Running on amazon-linux: Amazon Linux AMI 2017.09.0.20170930 x86_64 HVM and running inside docker container with 9200 and 9300 exposed and bound to the host.

Here are the logs:

[2017-11-16T22:16:59,063][INFO ][o.e.n.Node               ] [] initializing ...
[2017-11-16T22:16:59,142][INFO ][o.e.e.NodeEnvironment    ] [UwrqR1o] using [1] data paths, mounts [[/usr/share/elasticsearch/data (/dev/xvda1)]], net usable_space [100.0gb], net total_space [100.0gb], types [ext4]
[2017-11-16T22:16:59,142][INFO ][o.e.e.NodeEnvironment    ] [UwrqR1o] heap size [15.9gb], compressed ordinary object pointers [true]
[2017-11-16T22:16:59,144][INFO ][o.e.n.Node               ] node name [UwrqR1o] derived from node ID [UwrqR1onT0K2wTs2IYxA2A]; set [node.name] to override
[2017-11-16T22:16:59,144][INFO ][o.e.n.Node               ] version[6.0.0], pid[1], build[8f0685b/2017-11-10T18:41:22.859Z], OS[Linux/4.9.58-18.55.amzn1.x86_64/amd64], JVM[Oracle Corporation/OpenJDK 64-Bit Server VM/1.8.0_151/25.151-b12]
[2017-11-16T22:16:59,144][INFO ][o.e.n.Node               ] JVM arguments [-Xms1g, -Xmx1g, -XX:+UseConcMarkSweepGC, -XX:CMSInitiatingOccupancyFraction=75, -XX:+UseCMSInitiatingOccupancyOnly, -XX:+AlwaysPreTouch, -Xss1m, -Djava.awt.headless=true, -Dfile.encoding=UTF-8, -Djna.nosys=true, -XX:-OmitStackTraceInFastThrow, -Dio.netty.noUnsafe=true, -Dio.netty.noKeySetOptimization=true, -Dio.netty.recycler.maxCapacityPerThread=0, -Dlog4j.shutdownHookEnabled=false, -Dlog4j2.disable.jmx=true, -XX:+HeapDumpOnOutOfMemoryError, -Des.cgroups.hierarchy.override=/, -Xms16g, -Xmx16g, -Des.path.home=/usr/share/elasticsearch, -Des.path.conf=/usr/share/elasticsearch/config]

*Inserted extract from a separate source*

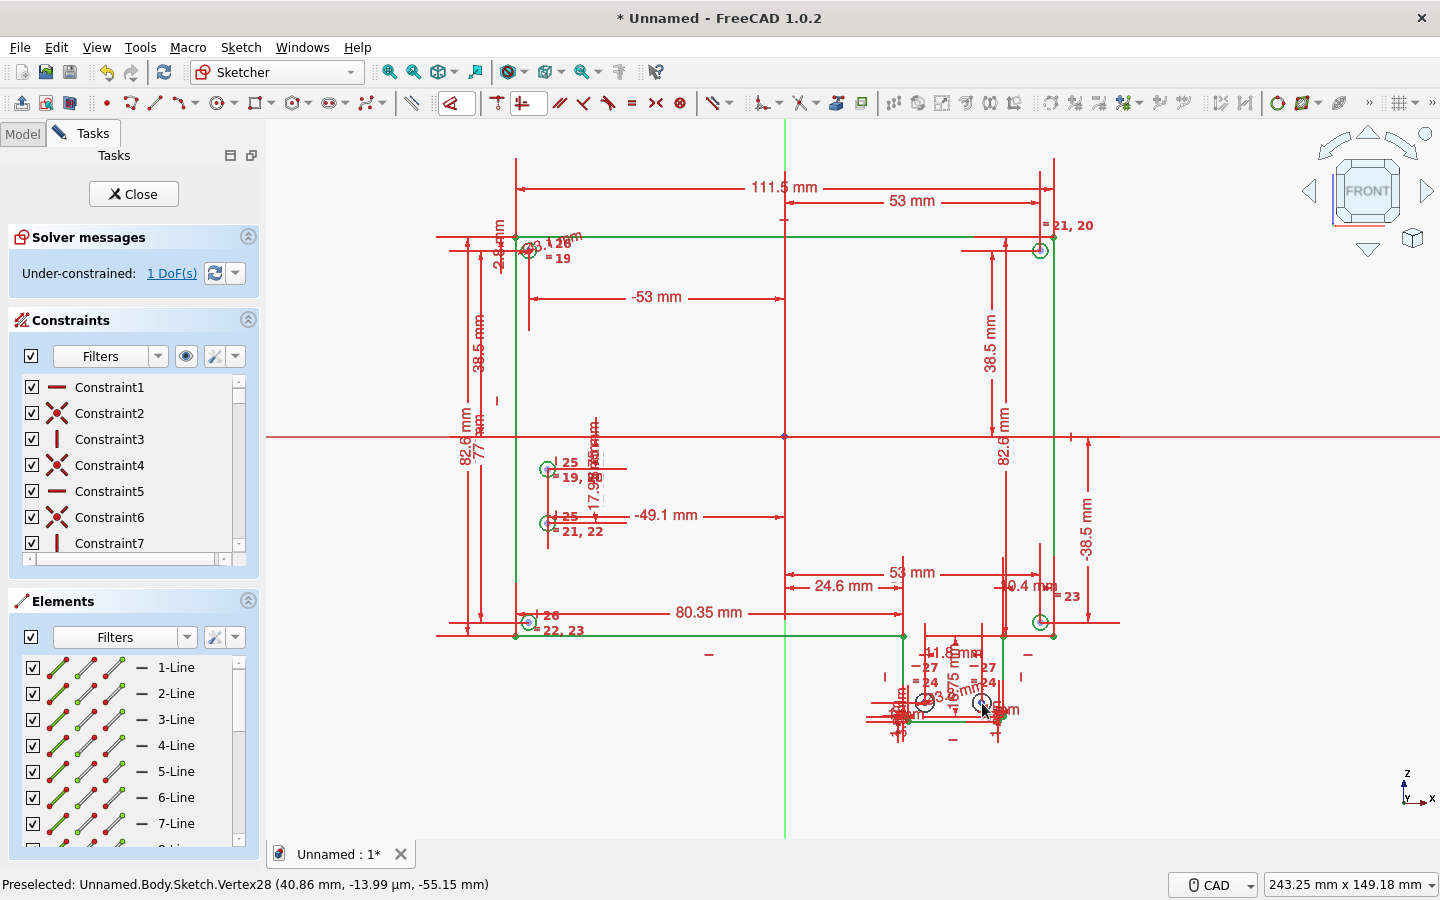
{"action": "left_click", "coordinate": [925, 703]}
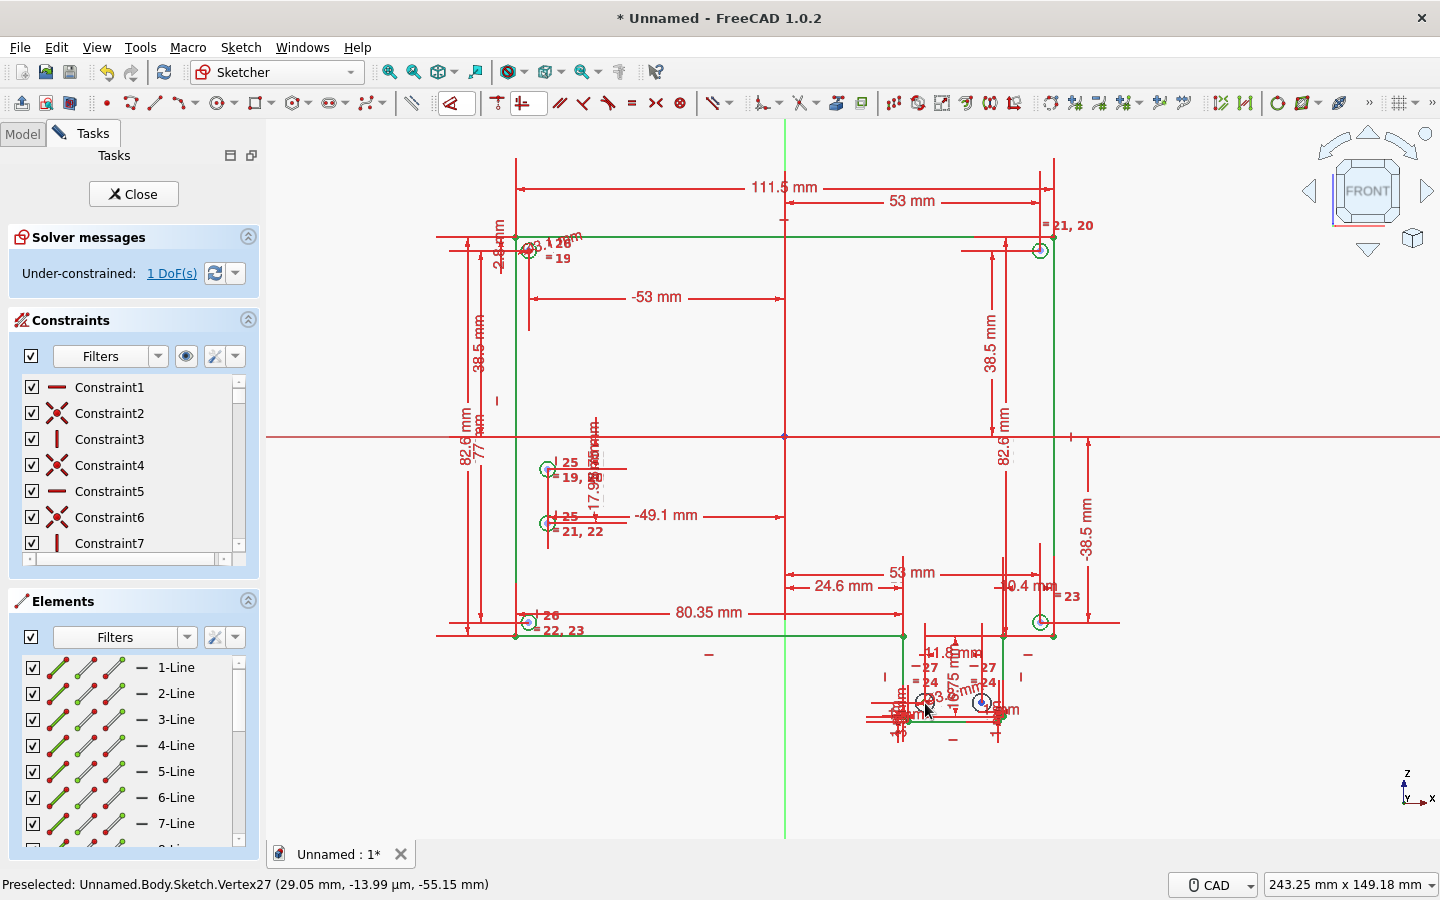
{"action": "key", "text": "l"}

[2017-11-16T22:17:00,963][INFO ][o.e.p.PluginsService     ] [UwrqR1o] loaded module [aggs-matrix-stats]
[2017-11-16T22:17:00,963][INFO ][o.e.p.PluginsService     ] [UwrqR1o] loaded module [analysis-common]
[2017-11-16T22:17:00,963][INFO ][o.e.p.PluginsService     ] [UwrqR1o] loaded module [ingest-common]

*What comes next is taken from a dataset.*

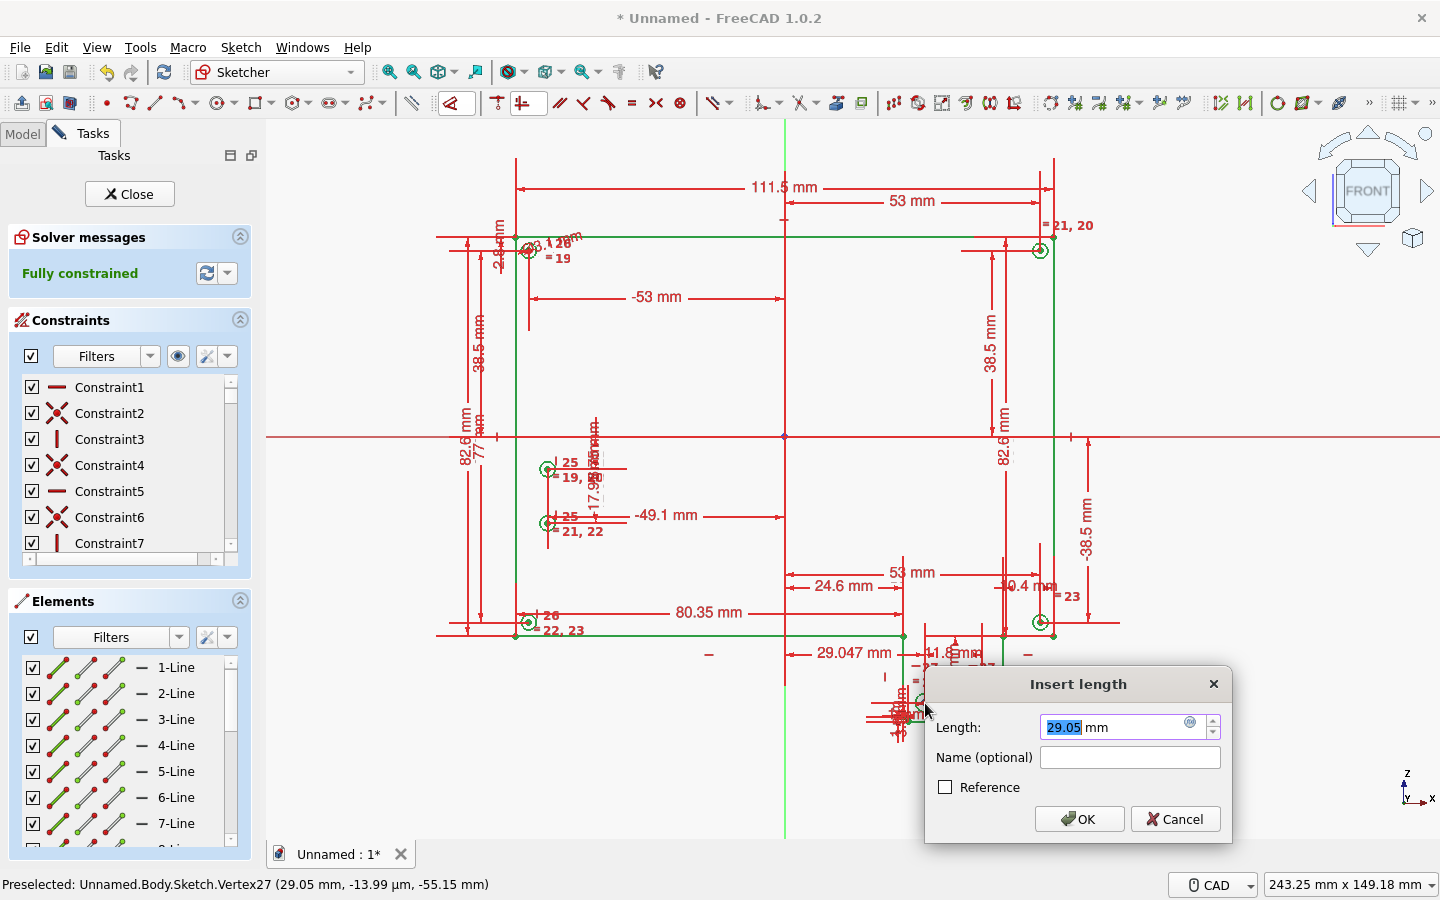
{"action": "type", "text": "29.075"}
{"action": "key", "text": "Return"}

[2017-11-16T22:17:00,964][INFO ][o.e.p.PluginsService     ] [UwrqR1o] loaded module [lang-expression]
[2017-11-16T22:17:00,964][INFO ][o.e.p.PluginsService     ] [UwrqR1o] loaded module [lang-mustache]

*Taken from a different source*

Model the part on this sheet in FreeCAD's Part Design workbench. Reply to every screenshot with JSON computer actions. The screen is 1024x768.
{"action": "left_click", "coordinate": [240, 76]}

[2017-11-16T22:17:00,964][INFO ][o.e.p.PluginsService     ] [UwrqR1o] loaded module [lang-painless]
[2017-11-16T22:17:00,964][INFO ][o.e.p.PluginsService     ] [UwrqR1o] loaded module [parent-join]
[2017-11-16T22:17:00,964][INFO ][o.e.p.PluginsService     ] [UwrqR1o] loaded module [percolator]
[2017-11-16T22:17:00,964][INFO ][o.e.p.PluginsService     ] [UwrqR1o] loaded module [reindex]
[2017-11-16T22:17:00,964][INFO ][o.e.p.PluginsService     ] [UwrqR1o] loaded module [repository-url]
[2017-11-16T22:17:00,964][INFO ][o.e.p.PluginsService     ] [UwrqR1o] loaded module [transport-netty4]
[2017-11-16T22:17:00,964][INFO ][o.e.p.PluginsService     ] [UwrqR1o] loaded module [tribe]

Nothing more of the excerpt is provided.